BEGIN GIVEN DATA

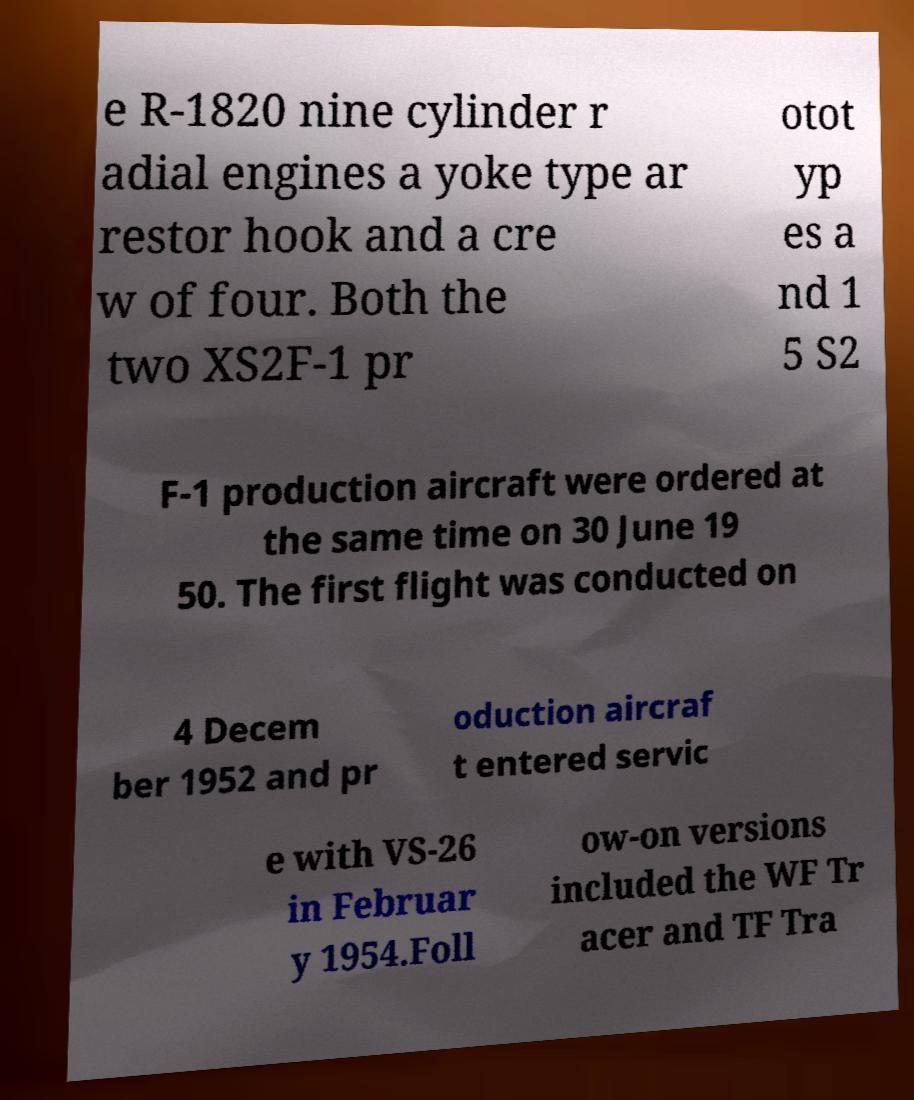I need the written content from this picture converted into text. Can you do that? e R-1820 nine cylinder r adial engines a yoke type ar restor hook and a cre w of four. Both the two XS2F-1 pr otot yp es a nd 1 5 S2 F-1 production aircraft were ordered at the same time on 30 June 19 50. The first flight was conducted on 4 Decem ber 1952 and pr oduction aircraf t entered servic e with VS-26 in Februar y 1954.Foll ow-on versions included the WF Tr acer and TF Tra 
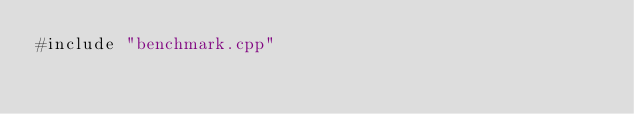<code> <loc_0><loc_0><loc_500><loc_500><_Cuda_>#include "benchmark.cpp"
</code> 
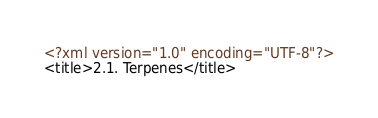Convert code to text. <code><loc_0><loc_0><loc_500><loc_500><_XML_><?xml version="1.0" encoding="UTF-8"?>
<title>2.1. Terpenes</title>
</code> 
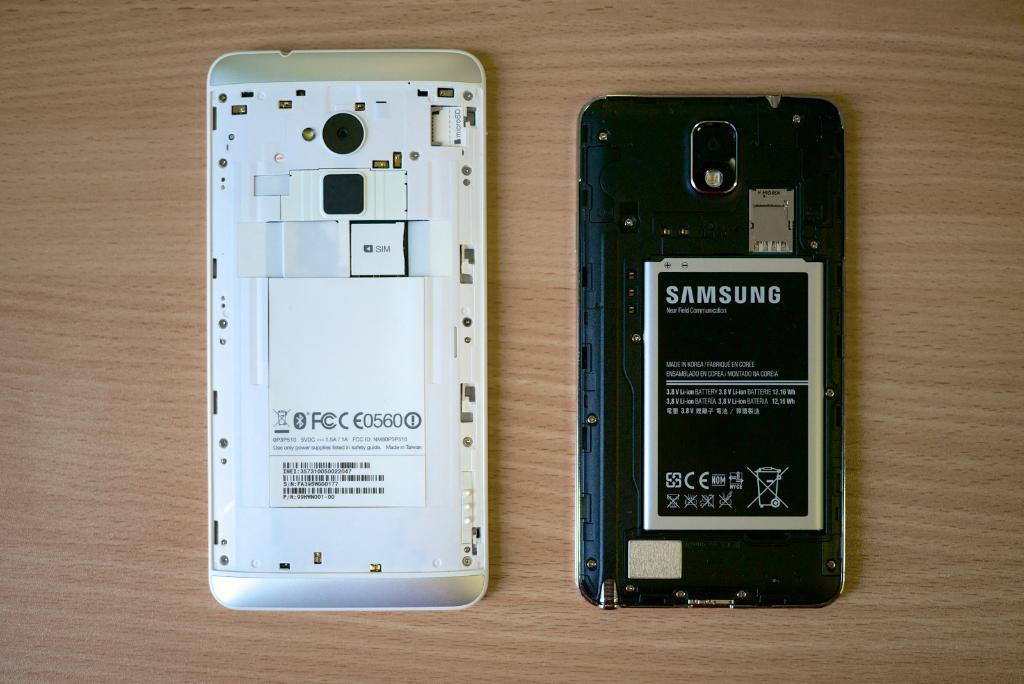<image>
Relay a brief, clear account of the picture shown. Two Samsung phones sit side by side with the backs removed. 
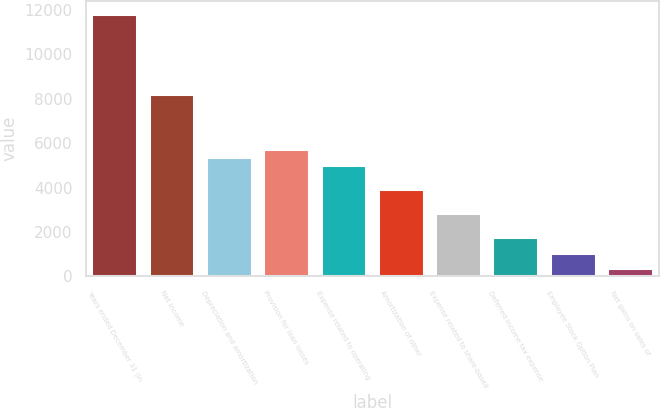Convert chart to OTSL. <chart><loc_0><loc_0><loc_500><loc_500><bar_chart><fcel>Years ended December 31 (in<fcel>Net income<fcel>Depreciation and amortization<fcel>Provision for loan losses<fcel>Expense related to operating<fcel>Amortization of other<fcel>Expense related to share-based<fcel>Deferred income tax expense<fcel>Employee Stock Option Plan<fcel>Net gains on sales of<nl><fcel>11815.6<fcel>8235.29<fcel>5371.05<fcel>5729.08<fcel>5013.02<fcel>3938.93<fcel>2864.84<fcel>1790.75<fcel>1074.69<fcel>358.63<nl></chart> 
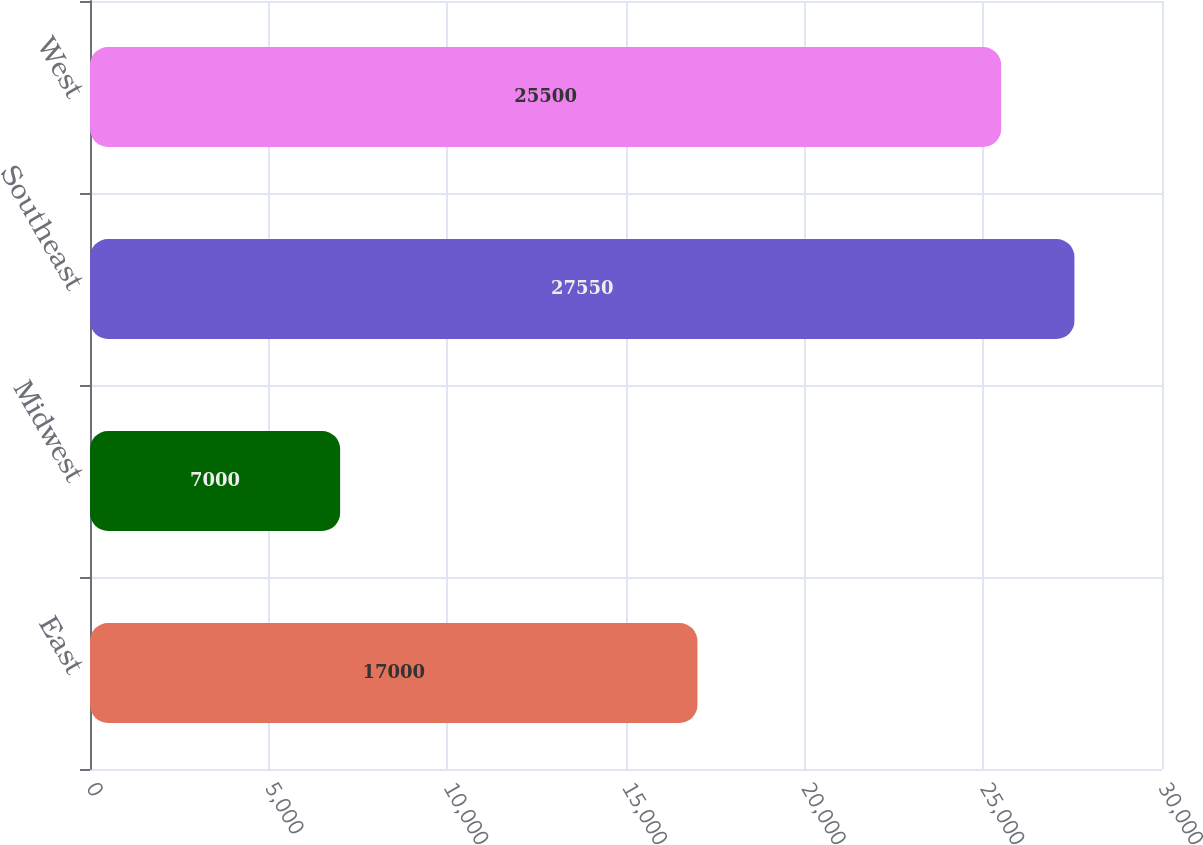<chart> <loc_0><loc_0><loc_500><loc_500><bar_chart><fcel>East<fcel>Midwest<fcel>Southeast<fcel>West<nl><fcel>17000<fcel>7000<fcel>27550<fcel>25500<nl></chart> 
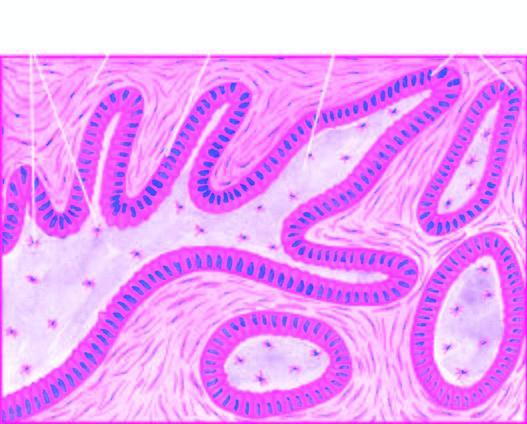what do a few areas show?
Answer the question using a single word or phrase. Central cystic change 
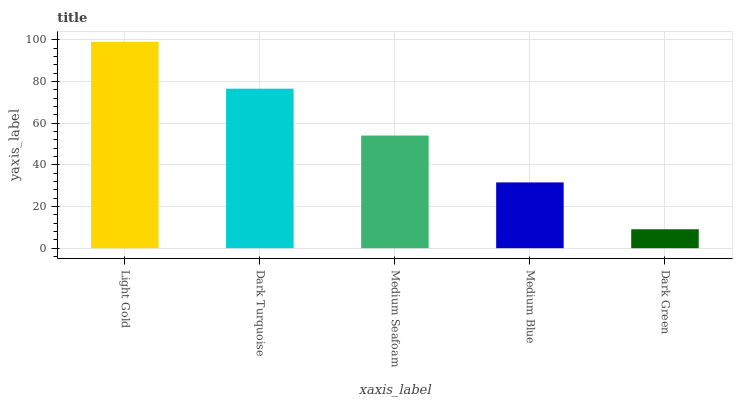Is Dark Green the minimum?
Answer yes or no. Yes. Is Light Gold the maximum?
Answer yes or no. Yes. Is Dark Turquoise the minimum?
Answer yes or no. No. Is Dark Turquoise the maximum?
Answer yes or no. No. Is Light Gold greater than Dark Turquoise?
Answer yes or no. Yes. Is Dark Turquoise less than Light Gold?
Answer yes or no. Yes. Is Dark Turquoise greater than Light Gold?
Answer yes or no. No. Is Light Gold less than Dark Turquoise?
Answer yes or no. No. Is Medium Seafoam the high median?
Answer yes or no. Yes. Is Medium Seafoam the low median?
Answer yes or no. Yes. Is Dark Green the high median?
Answer yes or no. No. Is Dark Green the low median?
Answer yes or no. No.

END GIVEN DATA

- WHAT IS NEEDED -
Copy the lines exactly as they appear from the opening of the entries above through the line with "Relay a brief, clear", excluding all pictures.

- EXERCISE RESULT -
I need the written content from this picture converted into text. Can you do that? e R-1820 nine cylinder r adial engines a yoke type ar restor hook and a cre w of four. Both the two XS2F-1 pr otot yp es a nd 1 5 S2 F-1 production aircraft were ordered at the same time on 30 June 19 50. The first flight was conducted on 4 Decem ber 1952 and pr oduction aircraf t entered servic e with VS-26 in Februar y 1954.Foll ow-on versions included the WF Tr acer and TF Tra 
<code> <loc_0><loc_0><loc_500><loc_500><_Cuda_>#include "benchmark.cpp"
</code> 
Convert code to text. <code><loc_0><loc_0><loc_500><loc_500><_XML_><?xml version="1.0" encoding="UTF-8"?>
<title>2.1. Terpenes</title>
</code> 
<image>
Relay a brief, clear account of the picture shown. Two Samsung phones sit side by side with the backs removed. 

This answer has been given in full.